Storie di parodia quotidiana

Mentre dormi, io scrivo.

Mentre dormi, io scrivo.

Ma che m’importa della lombalgia, della sciatica, dei capelli flosci e senza forma, delle unghie esagonali e delle sopracciglia la cui crescita a volte mi sfugge di mano come fossi cugina di Elio delle storie tese?
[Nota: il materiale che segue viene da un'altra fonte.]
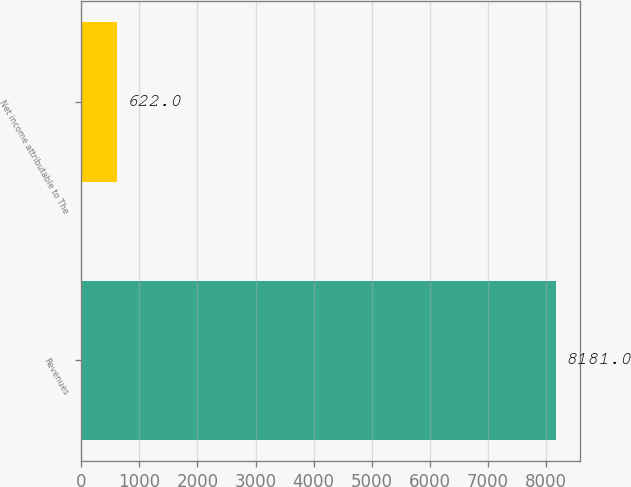<chart> <loc_0><loc_0><loc_500><loc_500><bar_chart><fcel>Revenues<fcel>Net income attributable to The<nl><fcel>8181<fcel>622<nl></chart>

Ma che m’importa d’avere la pancetta e una tetta più grossa dell’altra, d’indossare una maglia linda per uscire e scoprire solo una volta fuori, di avere una bella medaglia dalla dubbia natura proprio in prossimità dello sterno?
Per inciso, io ci provo a mantenermi in forma e credo sia fondamentale aver cura di sé, ma a volte il tempo stringe, la bimba vuole solo stare in braccio come fossi un albero e lei una spiritosa scimmietta e mentre faccio la doccia sento le urla dal salotto e così, mentre prima amavo lavarmi in slow motion, oggi m’insapono e risciacquo come stessi partecipando ad una staffetta.
Dicevo che
Non m’importa perché in realtà il mio tempo è ben speso.
Grazie a te alzo e abbasso lo sguardo, come facevo da piccola.
Guardo il soffitto, perché tu ti stupisci della luce dal lampadario e guardo il cielo, perchè mi indichi il passaggio di un uccellino.
Guardare su fa quasi male al collo quando non lo fai da molto tempo, lo sapevate?
Grazie a te alzo e abbasso lo sguardo, perchè ti seguo mentre gattoni e quasi non riesco a starti dietro, tanto vai veloce e mi fanno male le rotule che mi chiedo davvero come fai; guardo le cose dalla tua prospettiva e stando sdraiata sul tappeto m’accorgo di quanta polvere c’è sotto il divano; ti tallono sotto il tavolo e ricordo che anni fa quella era una casa anche nei miei giochi;faccio lo slalom fra le sedie e rimango folgorata dal dolore lancinante provocata da un mattoncino sotto
il collo del piede.
Mi viene in mente che ogni cosa era fonte di grande stupore, come lo è oggi per te.
Grazie a te ho trattenuto il fiato e contato fino a dieci, rimandato e cambiato repentinamente programma, tutto anche solo in mezz’ora.
Grazie a te ho capito quanto è caldo il contatto e importante un abbraccio, quanto ci si parla guardandosi negli occhi, dato che tu dici tutto senza sapere ancora dire nulla
(TRANNE PAPA’ naturalmente).
Grazie a te sorrido per nulla, che in realtà è tutto.
Sei piccola e deliziosa, ma con il potere distruttivo pari a quello di una bomba all’idrogeno e le capacità indecifrabili di non stancarti mai e di raggiungere cose posizionate ad altezze che pensavamo essere da te irraggiungibili: sei un esempio di costanza, coraggio e determinazione.
A giudicare dalla velocità con la quale è passato un anno, voglio godermi e scrivere ogni cosa, riportare delle tue maniche arrotolate e il tuo nasino arricciato, i pigiamini e le guance rosse, gli occhi lucidi quando hai la febbre e i tira-baci sulla nuca nonchè le tue braccia protese verso di me quando è sera ed hai esaurito la voglia di misurare ogni centimetro di pavimento con un’alternanza strategica di pancia,baci alle piastrelle,manine e piedini.
Voglio inventare unità di misura per le tue piccole mani, un vocabolario per la curiosa lingua che inizi a parlare, barzellette di smorfie per farti ridere e sfoderare quei buffi dentini.
Voglio registrare nella mente il rumore del tonfo che fai quando cadi sul sedere e sprofondi nel pannolino, l’espressione coraggiosa e impegnata di quando ti sbilanci temerariamente per raggiungere qualcosa che ti è proibito.
Voglio diventare campionessa olimpica di recupero calze e scarpine, specializzata nella disciplina agonistica di rinfilaggio babuccia.
Voglio giocare a nascondino con te che pensi di diventare invisibile quando hai una manina davanti al viso, per poi rispuntare a tradimento con un amabile “buuuu”.
Voglio scrivere di te amore mio,
che sei le parole che non c’è bisogno di dire ad alta voce, che sei in quel momento in cui l’essere umano è perfetto, curiosa, umile e senza pregiudizi, affascinata dal mondo e piena di meraviglia, bisognosa di poco o nulla di materiale ma affamata solo di scoperta, contatto e amore.
Pensavo che
I bambini servono a ricordare che tanto tempo fa, tutti noi avevamo bisogno di avere ed essere esteriormente molto poco

e che quello ci rendeva immensamente felici.